Aos 21 anos, teve sua primeira relação com outro jovem. Com culpa, decidiu contar o ocorrido aos líderes da igreja. "Você passa por um tipo de julgamento. Eles avaliam se você pode continuar ou será expulso, desassociado."

Como punição, foi destituído do cargo de liderança que ocupava e proibido de colaborar nos cultos. Só poderia assistir. A. E. passou um ano assim, até decidir revelar de vez sua sexualidade ao comando da igreja. Foi expulso, com anúncio público a todos os membros, sem revelar o motivo.

"As pessoas pararam de falar comigo. Elas não sabem por quê, mas apoiam a decisão. A igreja fala que não é discriminação, pois deve seguir a Bíblia, mas conheço pessoas que foram desassociadas só de beijarem outra do mesmo sexo. Isso não acontece com heterossexuais."

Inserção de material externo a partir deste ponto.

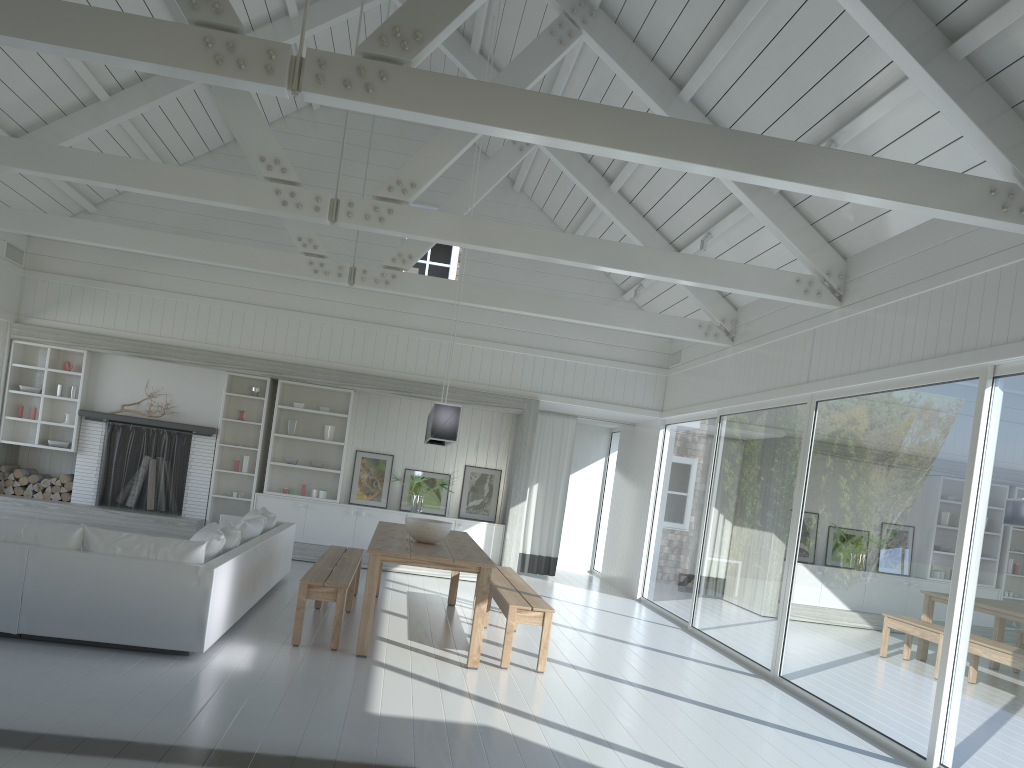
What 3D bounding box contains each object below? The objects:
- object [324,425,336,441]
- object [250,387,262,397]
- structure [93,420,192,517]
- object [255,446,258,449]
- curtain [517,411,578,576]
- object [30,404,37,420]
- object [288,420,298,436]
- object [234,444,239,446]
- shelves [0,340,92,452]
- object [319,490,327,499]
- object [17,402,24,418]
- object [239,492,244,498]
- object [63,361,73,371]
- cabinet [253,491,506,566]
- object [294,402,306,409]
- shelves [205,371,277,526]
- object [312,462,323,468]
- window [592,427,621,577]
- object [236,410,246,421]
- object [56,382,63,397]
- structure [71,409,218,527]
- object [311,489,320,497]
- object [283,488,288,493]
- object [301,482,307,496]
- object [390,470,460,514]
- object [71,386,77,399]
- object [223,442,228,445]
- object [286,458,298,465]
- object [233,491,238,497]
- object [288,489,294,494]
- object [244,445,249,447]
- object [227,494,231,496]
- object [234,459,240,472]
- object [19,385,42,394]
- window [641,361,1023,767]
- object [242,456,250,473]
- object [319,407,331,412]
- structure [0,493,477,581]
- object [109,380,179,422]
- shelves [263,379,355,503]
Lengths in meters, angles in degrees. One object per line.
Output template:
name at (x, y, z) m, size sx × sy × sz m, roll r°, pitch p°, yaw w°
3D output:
object at (-2.335, 0.630, 11.275) m, size 0.102 × 0.197 × 0.103 m, roll 7°, pitch -1°, yaw 38°
object at (-3.237, 0.106, 11.130) m, size 0.160 × 0.124 × 0.163 m, roll 6°, pitch -4°, yaw 26°
structure at (-4.520, 1.041, 10.784) m, size 1.100 × 1.063 × 0.116 m, roll 8°, pitch 0°, yaw -7°
object at (-3.260, 0.812, 11.264) m, size 0.054 × 0.025 × 0.054 m, roll 8°, pitch -5°, yaw -7°
curtain at (0.318, 1.556, 12.761) m, size 1.008 × 2.370 × 0.116 m, roll 8°, pitch 0°, yaw -7°
object at (-5.832, 0.338, 10.745) m, size 0.054 × 0.196 × 0.054 m, roll 8°, pitch 0°, yaw -6°
object at (-2.796, 0.561, 11.217) m, size 0.103 × 0.197 × 0.102 m, roll 8°, pitch -1°, yaw -7°
object at (-3.480, 0.768, 11.126) m, size 0.054 × 0.025 × 0.054 m, roll 8°, pitch -5°, yaw -7°
shelves at (-5.673, 0.170, 10.869) m, size 0.867 × 1.239 × 0.548 m, roll 8°, pitch -1°, yaw -7°
object at (-2.413, 1.403, 11.257) m, size 0.085 × 0.111 × 0.086 m, roll 7°, pitch -2°, yaw 28°
object at (-5.981, 0.315, 10.726) m, size 0.054 × 0.196 × 0.054 m, roll 8°, pitch 0°, yaw -6°
object at (-3.428, 1.407, 11.164) m, size 0.058 × 0.061 × 0.057 m, roll 8°, pitch -3°, yaw -7°
object at (-5.426, -0.214, 10.774) m, size 0.230 × 0.127 × 0.060 m, roll 4°, pitch -3°, yaw 38°
cabinet at (-1.715, 1.891, 11.496) m, size 3.187 × 0.551 × 0.654 m, roll 8°, pitch -3°, yaw -7°
object at (-2.708, 0.280, 11.222) m, size 0.141 × 0.066 × 0.141 m, roll 8°, pitch -5°, yaw -7°
shelves at (-3.458, 0.901, 11.286) m, size 0.541 × 2.000 × 0.604 m, roll 8°, pitch 0°, yaw -7°
object at (-2.518, 1.046, 11.403) m, size 0.141 × 0.066 × 0.141 m, roll 8°, pitch -5°, yaw -7°
window at (1.558, 1.906, 14.231) m, size 0.038 × 2.428 × 0.945 m, roll 8°, pitch -1°, yaw -6°
object at (-3.420, 0.402, 11.141) m, size 0.136 × 0.130 × 0.138 m, roll 6°, pitch -4°, yaw 36°
object at (-5.527, 0.060, 10.777) m, size 0.054 × 0.196 × 0.054 m, roll 8°, pitch 0°, yaw -6°
structure at (-4.567, 1.095, 11.137) m, size 1.619 × 1.286 × 0.859 m, roll 8°, pitch -2°, yaw -7°
object at (-2.516, 1.404, 11.313) m, size 0.091 × 0.095 × 0.091 m, roll 6°, pitch -3°, yaw 27°
object at (-2.886, 1.353, 11.212) m, size 0.055 × 0.071 × 0.054 m, roll 9°, pitch -2°, yaw -28°
object at (-2.657, 1.327, 11.256) m, size 0.054 × 0.196 × 0.054 m, roll 8°, pitch 0°, yaw -7°
object at (-1.137, 1.348, 11.252) m, size 0.973 × 0.629 × 0.622 m, roll 8°, pitch -3°, yaw -9°
object at (-5.364, 0.085, 10.797) m, size 0.054 × 0.196 × 0.054 m, roll 8°, pitch 0°, yaw -6°
object at (-3.590, 0.746, 11.058) m, size 0.054 × 0.025 × 0.054 m, roll 8°, pitch -5°, yaw -7°
object at (-2.804, 0.988, 11.225) m, size 0.141 × 0.066 × 0.141 m, roll 8°, pitch -5°, yaw -7°
object at (-3.501, 1.391, 11.156) m, size 0.054 × 0.071 × 0.054 m, roll 8°, pitch -2°, yaw -7°
object at (-2.822, 1.371, 11.247) m, size 0.059 × 0.061 × 0.057 m, roll 9°, pitch -3°, yaw -29°
object at (-3.370, 0.790, 11.195) m, size 0.054 × 0.025 × 0.054 m, roll 8°, pitch -5°, yaw -7°
object at (-3.580, 1.403, 11.147) m, size 0.054 × 0.025 × 0.054 m, roll 8°, pitch -5°, yaw -7°
object at (-3.477, 1.007, 11.149) m, size 0.054 × 0.196 × 0.054 m, roll 8°, pitch 0°, yaw -7°
object at (-5.867, 0.073, 10.751) m, size 0.243 × 0.072 × 0.242 m, roll 10°, pitch -6°, yaw -22°
window at (2.511, 1.189, 6.248) m, size 0.080 × 2.415 × 10.946 m, roll 8°, pitch -6°, yaw -6°
object at (-3.371, 1.015, 11.160) m, size 0.072 × 0.211 × 0.071 m, roll 8°, pitch 0°, yaw -7°
object at (-2.421, 0.338, 11.401) m, size 0.141 × 0.066 × 0.141 m, roll 8°, pitch -5°, yaw -7°
structure at (-3.349, 1.988, 11.604) m, size 6.360 × 0.346 × 1.885 m, roll 9°, pitch -6°, yaw -7°
object at (-4.425, 0.191, 10.774) m, size 0.789 × 0.502 × 0.454 m, roll 11°, pitch -4°, yaw -37°
shelves at (-2.591, 0.751, 11.389) m, size 0.940 × 1.443 × 0.604 m, roll 8°, pitch -1°, yaw -7°

Ele diz que, no começo, sentia culpa. Nem a família sabia de sua orientação. "Na igreja, eu ouvia comentários de que casal homoafetivo não era família, era nojento. Eu sentia o peso de que não podia ser quem eu sou. A religião fala em respeitar a dignidade humana, mas tudo era pautado em como você deve se comportar, qual o papel do homem. Tudo tinha de ser dentro daquela métrica, daquele padrão. Qualquer coisa que me revelasse afeminado era excluída", conta.

Atualmente, A. E. saiu de casa e tem uma relação "reservada" com os pais. Com a irmã, não fala há quatro anos "por sua crença".